• **TASK TO COMPLETE**:
Return each line exactly as written. Begin with the first line of the entries and end with the line that has "Output: a minified".

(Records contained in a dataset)
+ + + +

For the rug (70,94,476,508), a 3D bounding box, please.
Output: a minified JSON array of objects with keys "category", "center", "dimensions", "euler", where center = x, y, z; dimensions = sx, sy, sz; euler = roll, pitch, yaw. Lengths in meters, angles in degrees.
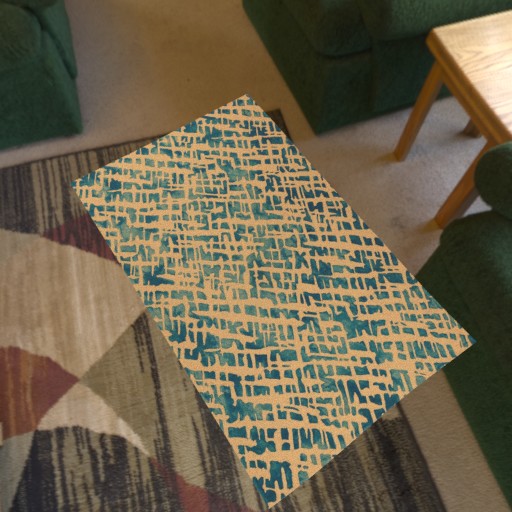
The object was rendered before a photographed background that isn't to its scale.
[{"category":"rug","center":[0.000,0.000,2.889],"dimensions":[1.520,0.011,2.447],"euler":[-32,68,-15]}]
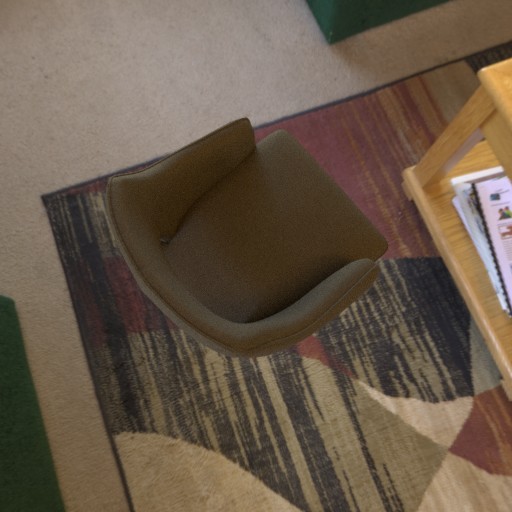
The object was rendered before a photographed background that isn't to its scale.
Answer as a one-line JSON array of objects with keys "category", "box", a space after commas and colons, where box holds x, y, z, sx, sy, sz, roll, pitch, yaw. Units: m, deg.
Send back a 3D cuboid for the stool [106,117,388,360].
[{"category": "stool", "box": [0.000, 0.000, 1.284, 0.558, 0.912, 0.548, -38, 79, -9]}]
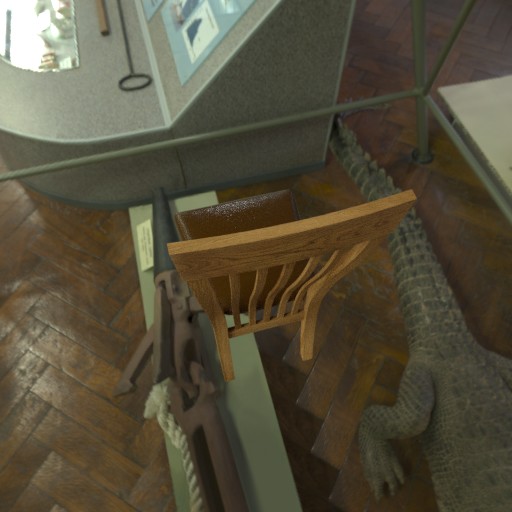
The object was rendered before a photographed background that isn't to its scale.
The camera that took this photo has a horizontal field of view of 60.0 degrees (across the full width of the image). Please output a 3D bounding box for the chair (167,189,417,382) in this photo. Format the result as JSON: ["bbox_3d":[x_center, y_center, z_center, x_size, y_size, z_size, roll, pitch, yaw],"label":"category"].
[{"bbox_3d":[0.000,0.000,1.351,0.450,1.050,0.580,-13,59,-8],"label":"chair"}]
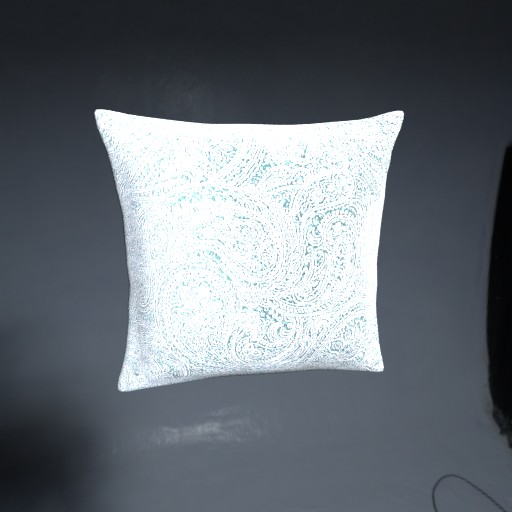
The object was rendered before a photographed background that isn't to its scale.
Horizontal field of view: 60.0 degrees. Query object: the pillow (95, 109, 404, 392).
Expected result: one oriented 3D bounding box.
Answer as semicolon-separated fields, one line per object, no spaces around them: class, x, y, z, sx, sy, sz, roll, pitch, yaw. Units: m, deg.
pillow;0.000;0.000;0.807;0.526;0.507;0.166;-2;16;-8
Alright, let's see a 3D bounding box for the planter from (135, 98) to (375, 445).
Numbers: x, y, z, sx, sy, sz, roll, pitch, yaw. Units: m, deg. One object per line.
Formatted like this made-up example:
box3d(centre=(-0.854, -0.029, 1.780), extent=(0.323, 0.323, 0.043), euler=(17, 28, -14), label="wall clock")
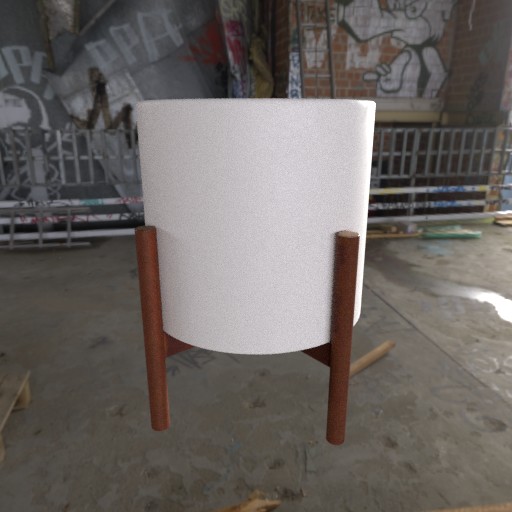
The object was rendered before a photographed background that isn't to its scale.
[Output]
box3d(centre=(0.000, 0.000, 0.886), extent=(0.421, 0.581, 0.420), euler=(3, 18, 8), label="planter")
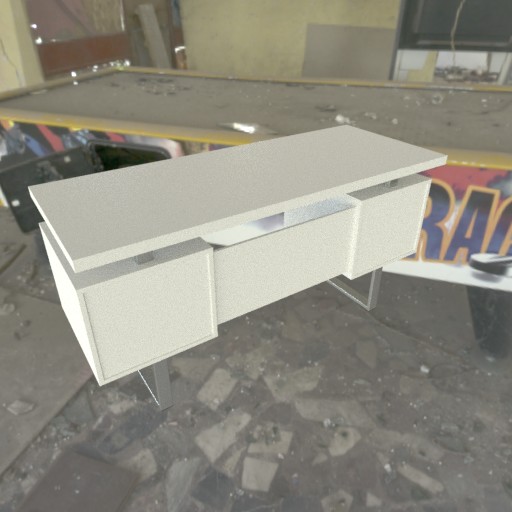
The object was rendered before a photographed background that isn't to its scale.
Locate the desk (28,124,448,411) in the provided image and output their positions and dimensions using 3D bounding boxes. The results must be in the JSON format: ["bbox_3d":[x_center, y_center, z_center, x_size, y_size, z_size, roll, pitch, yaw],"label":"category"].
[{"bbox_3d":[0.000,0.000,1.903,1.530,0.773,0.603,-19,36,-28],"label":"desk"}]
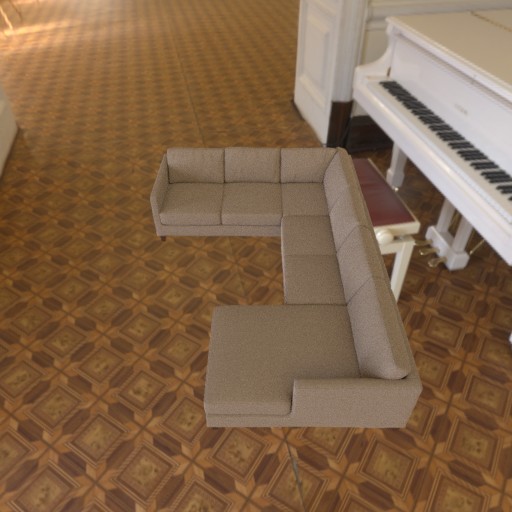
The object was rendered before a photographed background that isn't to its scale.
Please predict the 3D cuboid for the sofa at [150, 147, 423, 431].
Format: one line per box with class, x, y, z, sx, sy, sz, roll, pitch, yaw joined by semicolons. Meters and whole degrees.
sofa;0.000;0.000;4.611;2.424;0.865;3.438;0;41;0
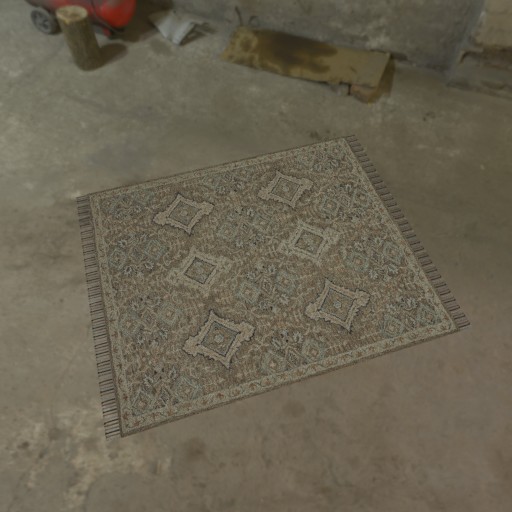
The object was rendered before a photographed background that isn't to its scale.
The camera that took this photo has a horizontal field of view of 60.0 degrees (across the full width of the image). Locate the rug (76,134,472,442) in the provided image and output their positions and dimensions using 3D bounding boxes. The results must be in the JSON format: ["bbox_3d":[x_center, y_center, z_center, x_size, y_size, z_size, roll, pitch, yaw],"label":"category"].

+ + + +

• **REPLY TO THE TASK**:
For the rug (70,94,476,508), a 3D bounding box, please.
Output: a minified JSON array of objects with keys "category", "center", "dimensions", "euler", where center = x, y, z; dimensions = sx, sy, sz; euler = roll, pitch, yaw. Lengths in meters, angles in degrees.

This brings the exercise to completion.